I have two questions about a prove that I have to do for my mathematic study. I'm now thinking about it the whole day, but can't find the prove.
Let $a,b \in \mathbb Z_{>0}$.
(a) Prove: $\gcd(2^a - 1, 2^b - 1) = 2^{\gcd(a,b)} - 1$
(b) Is this also true when you replace $2$ with a number $c > 2, c \in \mathbb Z$?
For (b), I think it's true, but I can't explain why.
Thanks in advance!
Without loss of generality, let us assume that $a>b$. You can write $2^a-1 = 2^b2^{a-b} - 2^{a-b} + 2^{a-b} - 1 = 2^{a-b}(2^b-1) + 2^{a-b}-1$.

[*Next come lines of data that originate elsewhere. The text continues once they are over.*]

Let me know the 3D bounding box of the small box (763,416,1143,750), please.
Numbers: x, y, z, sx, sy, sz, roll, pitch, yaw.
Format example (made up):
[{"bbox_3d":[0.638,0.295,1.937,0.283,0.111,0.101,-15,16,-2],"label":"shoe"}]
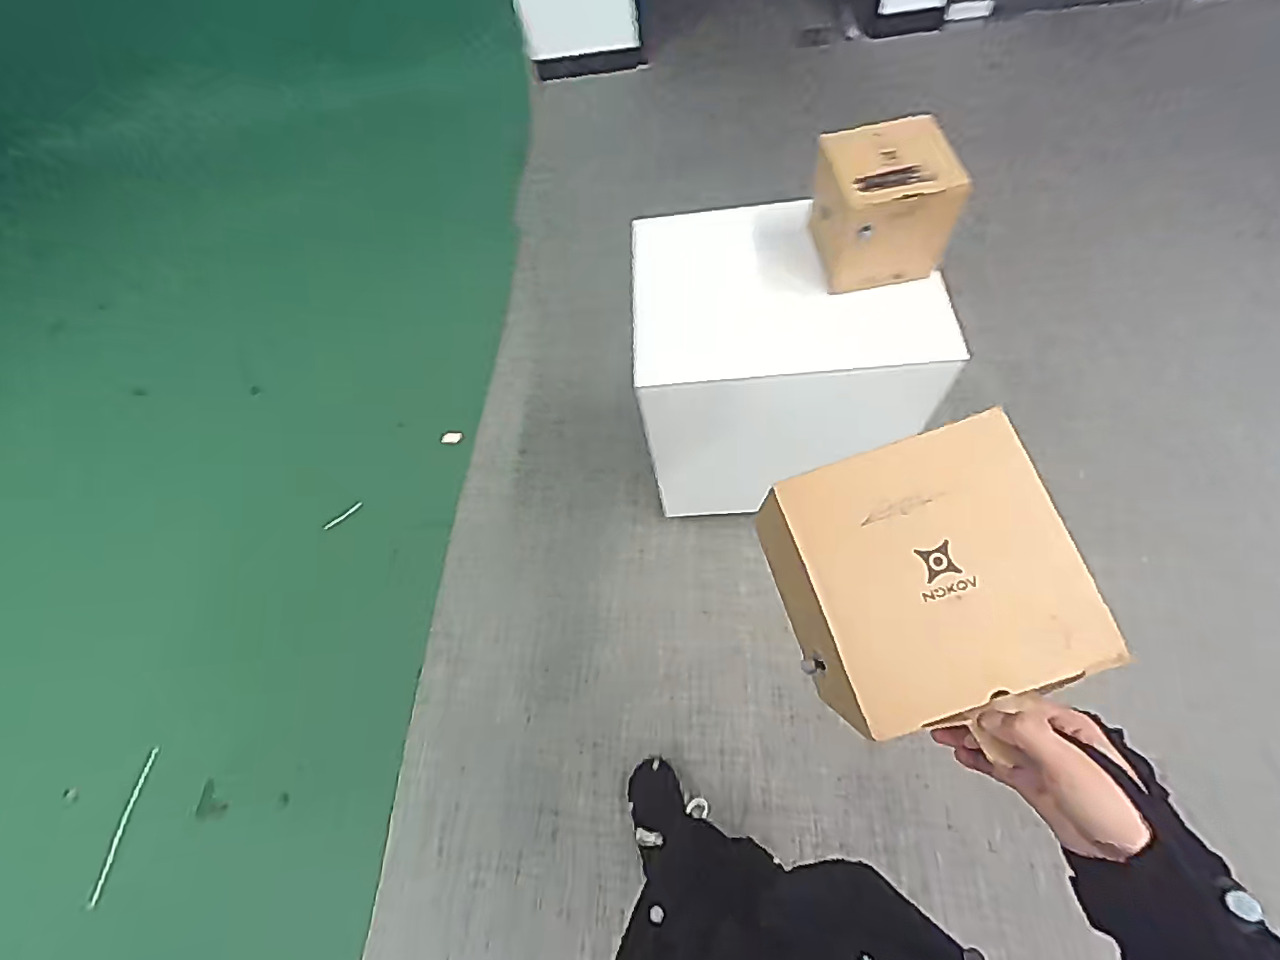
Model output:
[{"bbox_3d":[0.209,0.078,0.423,0.168,0.176,0.179,-19,75,1],"label":"small box"}]

$\therefore gcd(2^a-1,2^b-1) = gcd(2^b-1,2^{a-b}-1).$
You can now continue the proof on the same lines as Euclid's proof for gcd of two integers.
There is no significance of the number '2' here, so this would be correct also for all integers greater than 2 also.
EDIT : We can continue reducing the larger number, till we get to a point such that $gcd(2^a-1,2^b-1) = gcd(2^k-1,2^k-1)$ for some $k$ after which point we can't further reduce and we get $gcd(2^a-1,2^b-1) = 2^k-1$ . From the equation, it is clear that $k$ will always be a linear combination of $a$ and $b$. The smallest positive number which is a linear combination of $a$ and $b$ is the gcd of $a$ and $b$. Hence, $k=gcd(a,b)$. Hence, $gcd(2^a-1,2^b-1)=2^{gcd(a,b)}-1$.